Niedługo minie rok od dnia, w którym rozżalona Magdalena Stępień opowiadała o zdradzie, jakiej miał się dopuścić jej były wtedy chłopak, Jakub Rzeźniczak. Przybita eksmodelka zwierzała się mediom, że "musi wrócić do realizacji swoich celów, bo wszystko jest już bez znaczenia".
Wkrótce po rozstaniu okazało się jednak, że para nie może bez siebie żyć.

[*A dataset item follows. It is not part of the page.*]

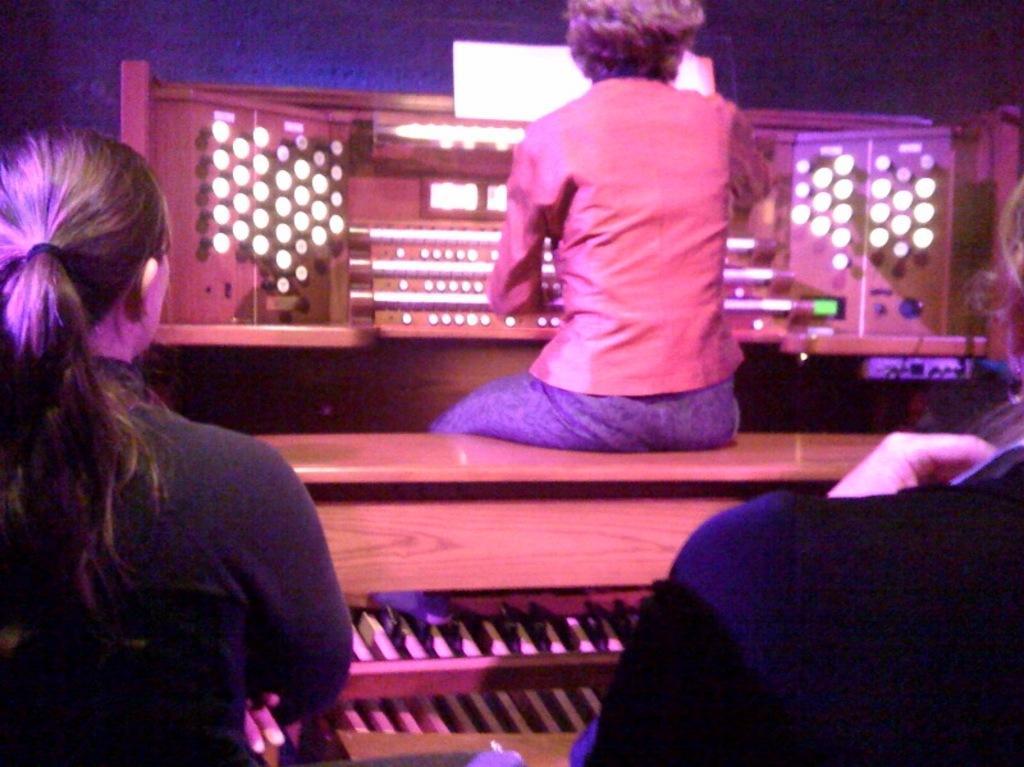Can you describe this image briefly? Here in the front we can see couple of women sitting on chairs over there and in front of them we can see a table, on which we can see another woman sitting and in front of her also we can see an electrical equipment present over there.

Pamiętam, że ja długo pisałam do Kuby, Kuba też do mnie i trudno było nam o sobie zapomnieć. Ta nasza znajomość była wyjątkowa, dlatego do siebie wróciliśmy - opowiadała o kulisach odbudowy związku była uczestniczka "Top Model". Ostatecznie aspirująca modelka i piłkarz Wisły Płock pogodzili się, a parę miesięcy później ogłosili, że zostaną rodzicami.
Rok po tych trudnych doświadczeniach na życiowym horyzoncie Magdaleny świeci słońce - dziś Stępień ma wielki ciążowy brzuch i wypoczywa u boku Rzeźniczaka na jednej z ciepłych plaż.
Ostatnie wakacje we dwoje, następne już z naszym bobaskiem - informuje Magda, która zapomniała już o żalu, wybaczyła zdradę i wspólnie z ukochanym szykuje się do nowej życiowej roli.
Zdjęcia z wakacji, na których widzimy przyszłą mamę z naprawdę dużym brzuszkiem, zostały opatrzone kilkoma uwagami.
Już niedługo, synku, pokażemy tobie z tatusiem, jaki świat jest piękny - pisze wzruszona Stępień.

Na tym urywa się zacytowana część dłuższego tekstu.